Convergence of modelled capacity with policy in 3 scenarios

Fig. 7
figure 7

Convergence with CO2 emissions target in 3 scenarios

6 Conclusions

This paper presents a system dynamics assessment of the renewable integration within the isolated island electricity system of São Miguel. Key components of the model highlight the cost reduction due to local learning from renewables and the type of renewable policy employed. Results and evaluations are starting to suggest that a sharp focus on achieving an aggressive renewable integration policy may lead to a boom and bust cycle of planning with periods of too much capacity. As shown in the results, in the long run, the required renewable targets will be achieved eventually, even with less aggressive renewable policies. This implies that possibly the financial health of the system can be jeopardized due to higher investment costs needed over a short period of time. Island systems typically suffer from a weaker innovation landscape and from limited opportunities for learning-by-doing. These realities combined with the preliminary results reported here suggest that island systems policy-makers should consider adopting a carefully-paced approach and should probably avoid establishing a world-leading position in innovation. That said, the small scale of island systems can lend themselves to experimentation and world-class opportunities from learning-by-research [21]. All these initial ideas will be re-evaluated in the light of the more holistic work to come.

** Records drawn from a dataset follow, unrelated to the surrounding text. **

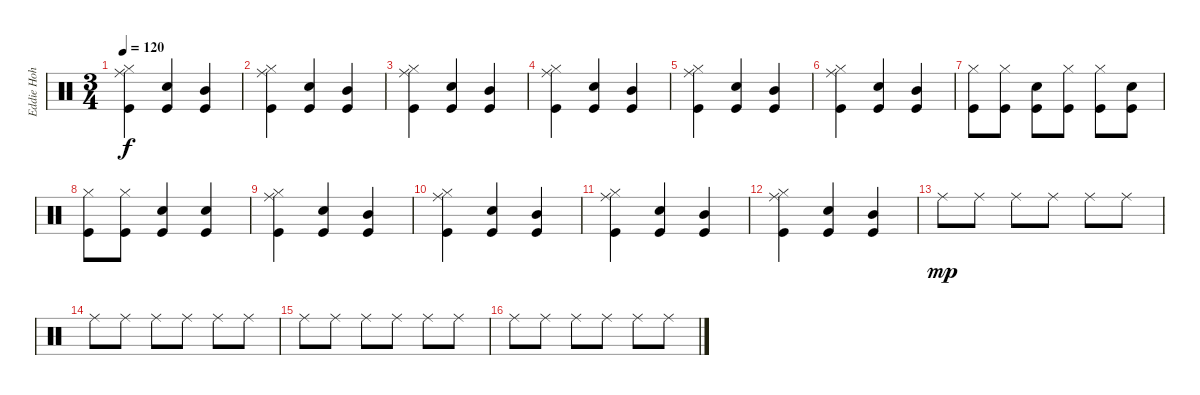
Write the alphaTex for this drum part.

\track ("Eddie Hoh" "Eddie Hoh") {instrument percussion}
\staff {score}
\articulation defaults
\ts (3 4)
\tempo 120
\clef neutral
\ks c
("Ride (middle)" "Hi-Hat (closed)" "Kick (hit)").4{dy f} ("Snare (hit) 2" "Kick (hit)").4 ("Mid Tom (hit)" "Kick (hit)").4 |
("Ride (middle)" "Hi-Hat (closed)" "Kick (hit)").4 ("Snare (hit) 2" "Kick (hit)").4 ("Mid Tom (hit)" "Kick (hit)").4 |
("Ride (middle)" "Hi-Hat (closed)" "Kick (hit)").4 ("Snare (hit) 2" "Kick (hit)").4 ("Mid Tom (hit)" "Kick (hit)").4 |
("Ride (middle)" "Hi-Hat (closed)" "Kick (hit)").4 ("Snare (hit) 2" "Kick (hit)").4 ("Mid Tom (hit)" "Kick (hit)").4 |
("Ride (middle)" "Hi-Hat (closed)" "Kick (hit)").4 ("Snare (hit) 2" "Kick (hit)").4 ("Mid Tom (hit)" "Kick (hit)").4 |
("Ride (middle)" "Hi-Hat (closed)" "Kick (hit)").4 ("Snare (hit) 2" "Kick (hit)").4 ("Mid Tom (hit)" "Kick (hit)").4 |
("Hi-Hat (closed)" "Kick (hit)").8 ("Hi-Hat (closed)" "Kick (hit)").8 ("Snare (hit) 2" "Kick (hit)").8 ("Hi-Hat (closed)" "Kick (hit)").8 ("Hi-Hat (closed)" "Kick (hit)").8 ("Snare (hit) 2" "Kick (hit)").8 |
("Hi-Hat (closed)" "Kick (hit)").8 ("Hi-Hat (closed)" "Kick (hit)").8 ("Snare (hit) 2" "Kick (hit)").4 ("Snare (hit) 2" "Kick (hit)").4 |
("Ride (middle)" "Hi-Hat (closed)" "Kick (hit)").4 ("Snare (hit) 2" "Kick (hit)").4 ("Mid Tom (hit)" "Kick (hit)").4 |
("Ride (middle)" "Hi-Hat (closed)" "Kick (hit)").4 ("Snare (hit) 2" "Kick (hit)").4 ("Mid Tom (hit)" "Kick (hit)").4 |
("Ride (middle)" "Hi-Hat (closed)" "Kick (hit)").4 ("Snare (hit) 2" "Kick (hit)").4 ("Mid Tom (hit)" "Kick (hit)").4 |
("Ride (middle)" "Hi-Hat (closed)" "Kick (hit)").4 ("Snare (hit) 2" "Kick (hit)").4 ("Mid Tom (hit)" "Kick (hit)").4 |
"Ride (middle)".8{dy mp} "Ride (middle)".8 "Ride (middle)".8 "Ride (middle)".8 "Ride (middle)".8 "Ride (middle)".8 |
"Ride (middle)".8 "Ride (middle)".8 "Ride (middle)".8 "Ride (middle)".8 "Ride (middle)".8 "Ride (middle)".8 |
"Ride (middle)".8 "Ride (middle)".8 "Ride (middle)".8 "Ride (middle)".8 "Ride (middle)".8 "Ride (middle)".8 |
"Ride (middle)".8 "Ride (middle)".8 "Ride (middle)".8 "Ride (middle)".8 "Ride (middle)".8 "Ride (middle)".8

The insights distilled from the model show that there are benefits to be obtained from considering all of the key feedbacks including installation experience and the urgency of the renewable capacity targets as renewables are integrated. These seem to steer the long-term renewable investment outlooks and provide the gaps for the optimal generation mixes of the system. The model of the system uses many key variables such as demand forecast and electricity tariffs as exogenous inputs. Future work will include analysis of the demand forecast within the model with a view to modelling more aspects endogenously. Storage and renewable disaggregation will have a particular role to play in future work. We intend to consider shorter time-steps and in this way to model the daily/weekly short-term drivers of renewable dispatch within such island electricity systems. This will be based on the short-term availability and the relative cost of renewables compared to other electricity options within the island system. We further intend to include energy efficiency/demand side response and diurnal storage in our modelling.